#### PROVIDED ENTRIES:
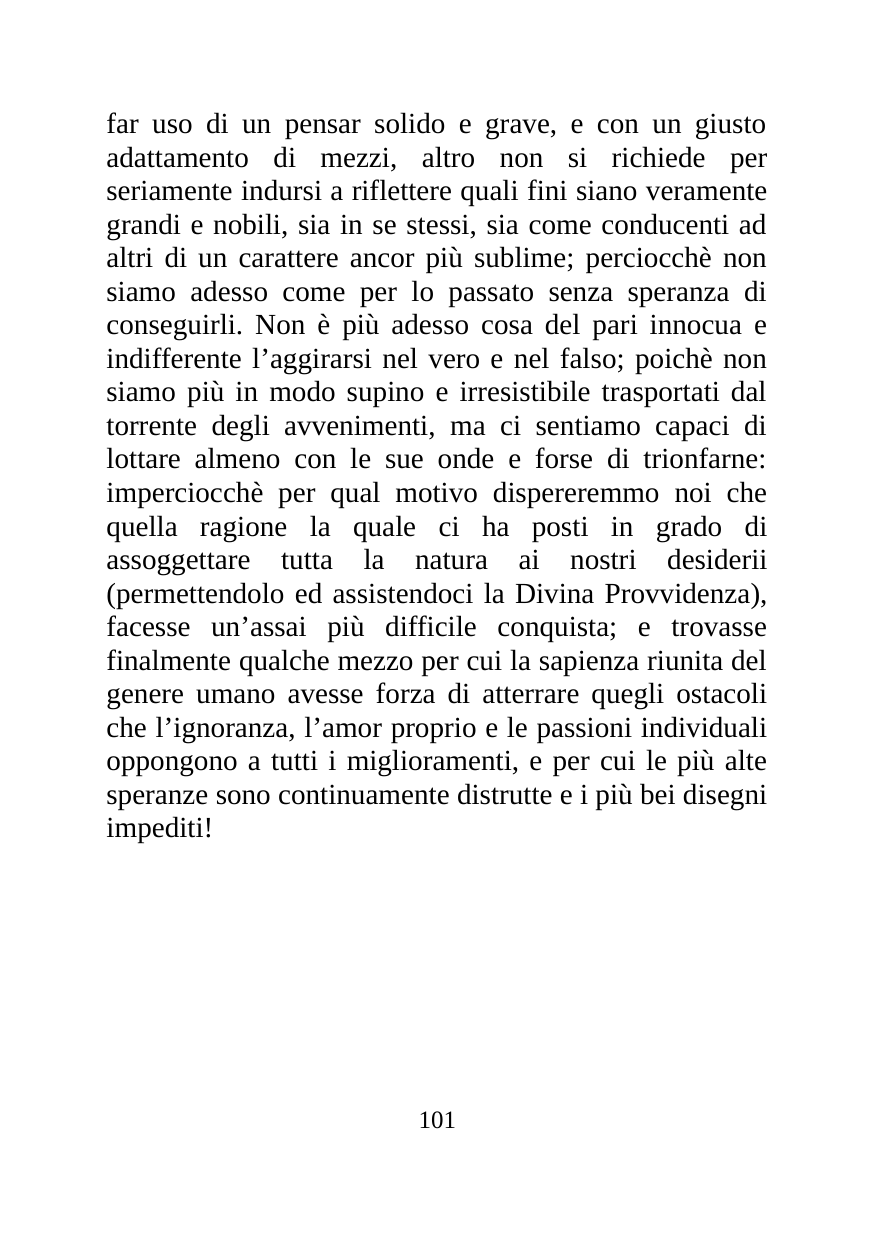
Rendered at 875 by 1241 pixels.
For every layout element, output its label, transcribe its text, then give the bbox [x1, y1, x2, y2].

text far uso di un pensar solido e grave, e con un giusto adattamento di mezzi, altro non si richiede per seriamente indursi a riflettere quali fini siano veramente grandi e nobili, sia in se stessi, sia come conducenti ad altri di un carattere ancor più sublime; perciocchè non siamo adesso come per lo passato senza speranza di conseguirli. Non è più adesso cosa del pari innocua e indifferente l’aggirarsi nel vero e nel falso; poichè non siamo più in modo supino e irresistibile trasportati dal torrente degli avvenimenti, ma ci sentiamo capaci di lottare almeno con le sue onde e forse di trionfarne: imperciocchè per qual motivo dispereremmo noi che quella ragione la quale ci ha posti in grado di assoggettare tutta la natura ai nostri desiderii (permettendolo ed assistendoci la Divina Provvidenza), facesse un’assai più difficile conquista; e trovasse finalmente qualche mezzo per cui la sapienza riunita del genere umano avesse forza di atterrare quegli ostacoli che l’ignoranza, l’amor proprio e le passioni individuali oppongono a tutti i miglioramenti, e per cui le più alte speranze sono continuamente distrutte e i più bei disegni impediti! [106, 106, 768, 844]
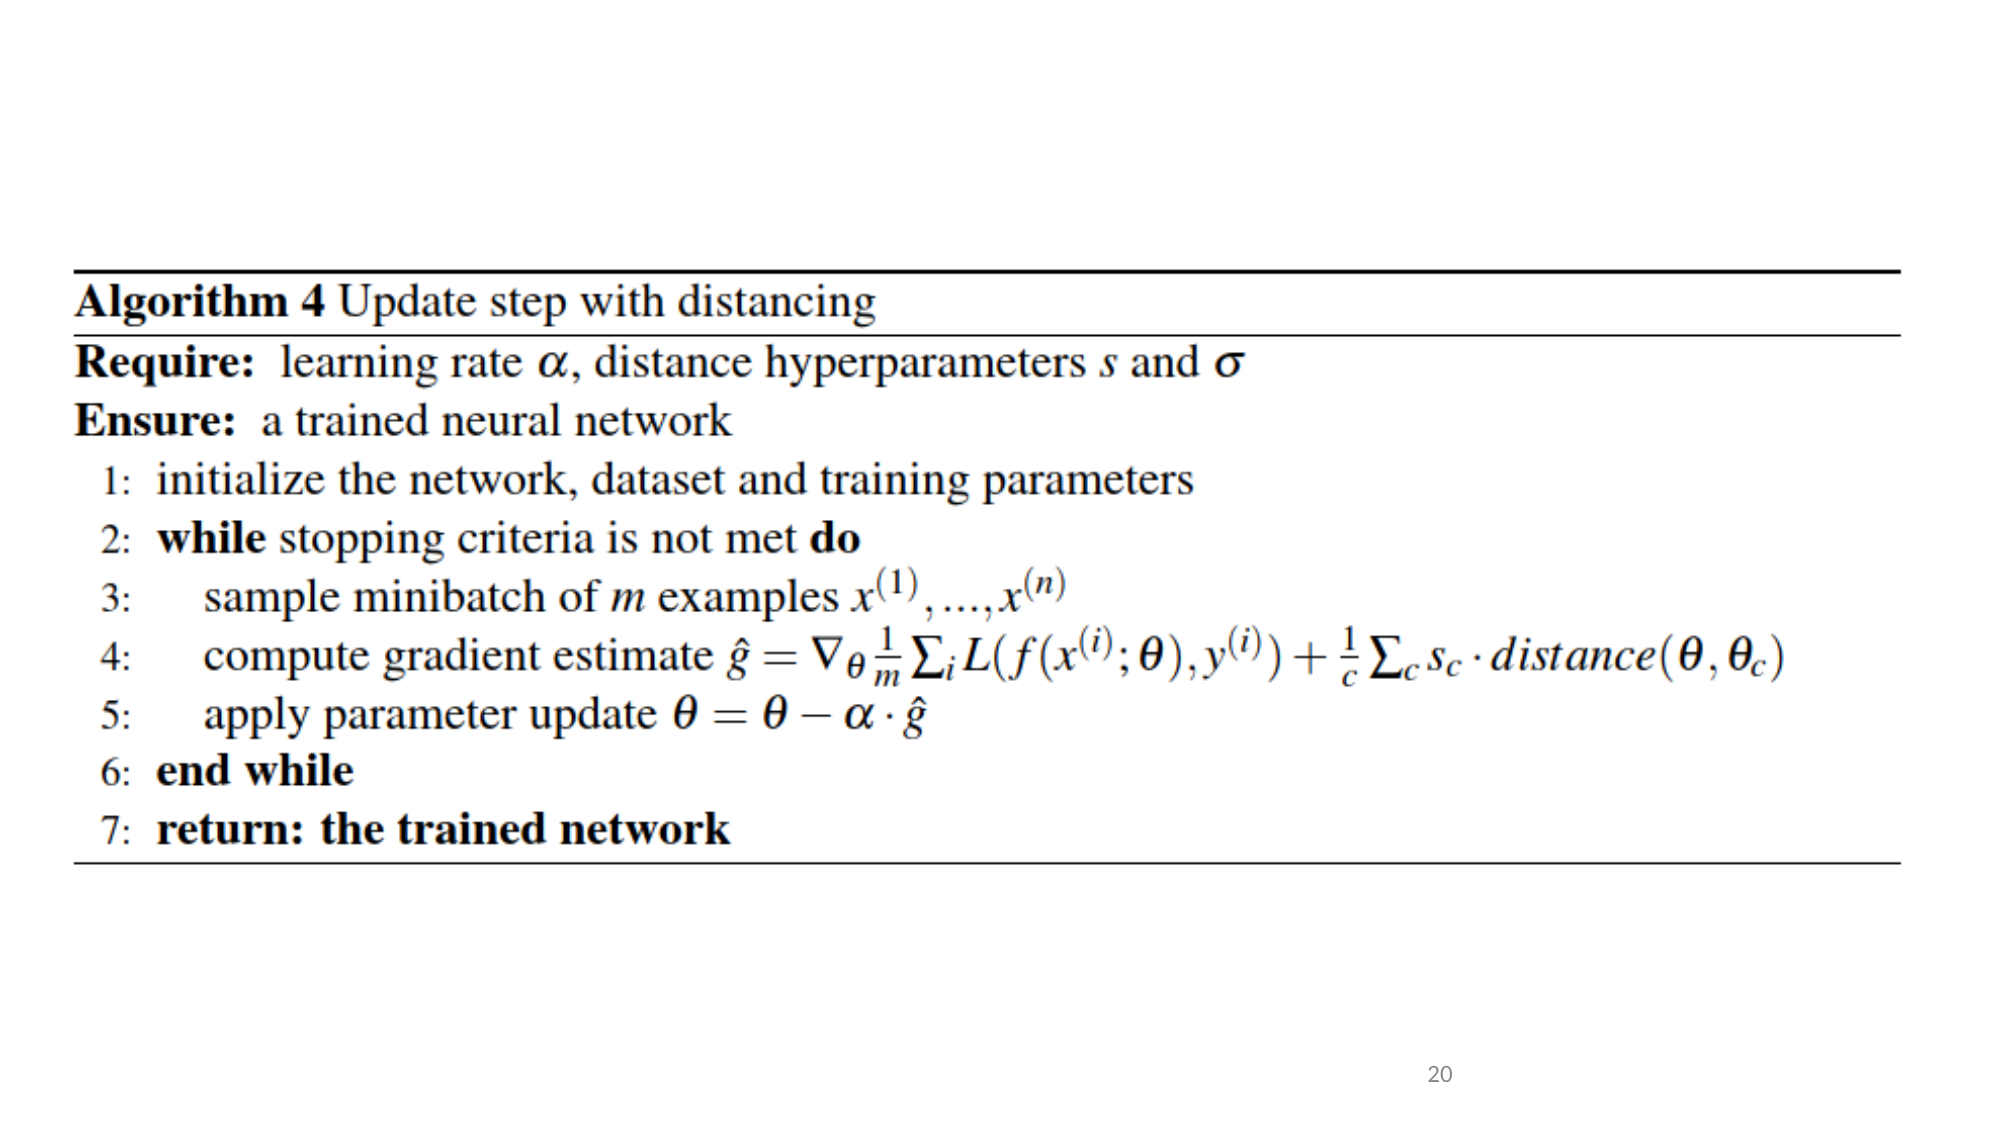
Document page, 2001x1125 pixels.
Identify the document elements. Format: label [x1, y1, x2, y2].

picture [48, 246, 1952, 879]
text_box [1412, 1042, 1863, 1103]

#### WHAT YOU WILL DO:
Which lines of the entries above contain the string "pixels"? Copy each one.

#### SOLUTION TO THIS TASK:
Rendered at 875 by 1241 pixels.
Document page, 2001x1125 pixels.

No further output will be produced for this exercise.